Testing: python -m unittest tree_test.IsTriangleTest
Examples:
[31]:
from tree_test import gt
[32]:
# this is the tree from the example above
tb = gt('b', gt('d', gt('e'), gt('f')))
tg = gt('g', gt('h'), gt('i', gt('l')))
ta = gt('a', tb, gt('c', tg))
ta.is_triangle(['a','b','c'])
[32]:
True
[33]:
ta.is_triangle(['b','c','a'])
[33]:
False
[34]:
tb.is_triangle(['b','d','e'])
[34]:
False
[35]:
tg.is_triangle(['g','h','i'])
[35]:
True
[36]:
tg.is_triangle(['g','i','h'])
[36]:
False
B3.2 has_triangle
Implement this method:
def has_triangle(self, elems):
""" RETURN True if this node *or one of its descendants* is a triangle
matching given elems. Otherwise, return False.

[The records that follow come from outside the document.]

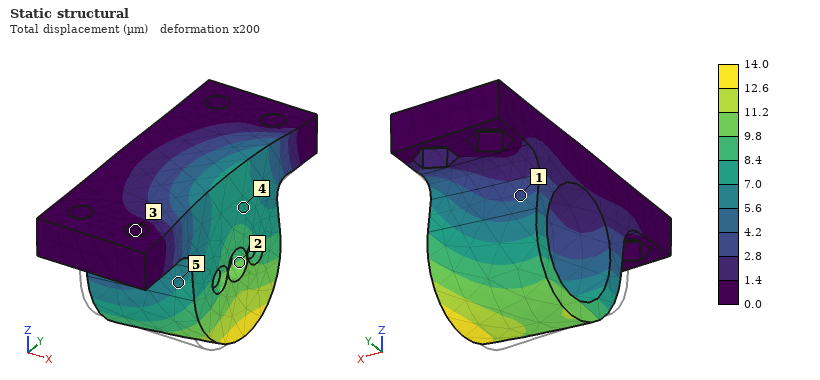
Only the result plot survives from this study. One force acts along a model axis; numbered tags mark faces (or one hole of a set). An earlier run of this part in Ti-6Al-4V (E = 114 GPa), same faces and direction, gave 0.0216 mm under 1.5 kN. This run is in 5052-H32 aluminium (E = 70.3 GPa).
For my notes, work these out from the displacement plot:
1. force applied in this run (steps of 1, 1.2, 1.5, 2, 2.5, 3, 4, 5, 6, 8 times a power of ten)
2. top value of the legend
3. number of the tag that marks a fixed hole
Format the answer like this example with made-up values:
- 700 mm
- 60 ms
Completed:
- 600 N
- 14.0 µm
- 3
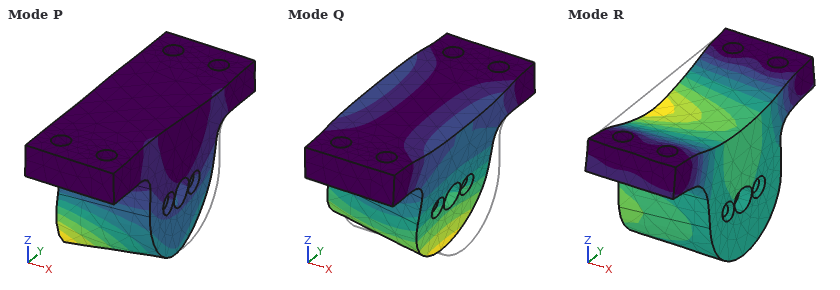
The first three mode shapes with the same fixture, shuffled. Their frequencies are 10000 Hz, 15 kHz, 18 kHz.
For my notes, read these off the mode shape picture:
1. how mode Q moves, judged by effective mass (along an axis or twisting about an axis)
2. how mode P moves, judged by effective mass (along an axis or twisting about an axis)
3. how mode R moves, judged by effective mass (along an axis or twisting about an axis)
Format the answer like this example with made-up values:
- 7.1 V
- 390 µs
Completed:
- along X
- along Y
- along Z

- a recursive solution is acceptable
"""
Testing: python -m unittest tree_test.HasTriangleTest
Examples:
[37]:
# example tree seen at the beginning
tb = gt('b', gt('d', gt('e'), gt('f')))
tg = gt('g', gt('h'), gt('i', gt('l')))
tc = gt('c', tg)
ta = gt('a', tb, tc)
ta.has_triangle(['a','b','c'])
[37]:
True
[38]:
ta.has_triangle(['a','c','b'])
[38]:
False
[39]:
ta.has_triangle(['b','c','a'])
[39]:
False
[40]:
tb.is_triangle(['b','d','e'])
[40]:
False
[41]:
tg.has_triangle(['g','h','i'])
[41]:
True
[42]:
tc.has_triangle(['g','h','i']) # check recursion
[42]:
True
[43]:
ta.has_triangle(['g','h','i']) # check recursion
[43]:
True